Prolog.co.id – Sejumlah ruas jalan utama di Samarinda masih minim penerangan, memicu kekhawatiran warga terkait keselamatan dan kenyamanan. Sugiyono, anggota DPRD Kaltim dari Dapil Samarinda, menekankan pentingnya percepatan pemasangan Penerangan Jalan Umum (PJU) sebagai langkah konkret melindungi masyarakat.
Menurut Sugiyono, ruas jalan gelap tidak hanya berpotensi menimbulkan kecelakaan, tetapi juga rawan tindak kriminal. Ia menyebut Jalan DI Panjaitan dan Pangeran Antasari sebagai lokasi yang membutuhkan perhatian khusus.
“Penerangan jalan bukan sekadar fasilitas, tapi soal keamanan dan kualitas hidup warga. Kita tidak bisa menunda penanganannya,” kata politisi PDI Perjuangan itu, Senin 9 Juni 2025.
Pernyataan tersebut ia sampaikan usai rapat internal Badan Kehormatan DPRD Kaltim, di mana ia menegaskan komitmen mendorong alokasi anggaran untuk PJU dan berbagai infrastruktur dasar di kota ini.
Selain itu, Sugiyono juga menyoroti kebutuhan mendesak terkait perbaikan jalan, drainase, serta fasilitas umum lainnya agar warga dapat beraktivitas dengan aman.
Ia menegaskan, sebagai ibu kota provinsi, Samarinda seharusnya menjadi contoh kota yang aman, tertata, dan nyaman untuk ditinggali.
“Citra Kaltim tercermin dari kondisi kota ini. Jalan gelap dan fasilitas rusak akan merusak pandangan publik terhadap kita,” ujarnya.

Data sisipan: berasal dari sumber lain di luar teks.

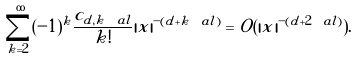<formula> <loc_0><loc_0><loc_500><loc_500>\sum _ { k = 2 } ^ { \infty } ( - 1 ) ^ { k } \frac { c _ { d , k \ a l } } { k ! } | x | ^ { - ( d + k \ a l ) } = O ( | x | ^ { - ( d + 2 \ a l ) } ) .</formula>

Sugiyono menambahkan, pembangunan harus merata hingga ke pemukiman padat dan kawasan yang selama ini kurang mendapatkan perhatian. Pendekatan lintas sektor diperlukan agar penanganan infrastruktur tidak hanya terpusat di area tertentu.
Ia menegaskan DPRD akan terus mendorong koordinasi antara pemerintah provinsi dan pemkot Samarinda untuk menindaklanjuti aspirasi masyarakat.
“Warga berhak merasa aman dan nyaman, terutama saat beraktivitas malam hari. Kebutuhan ini tidak bisa ditunda lagi,” tutupnya.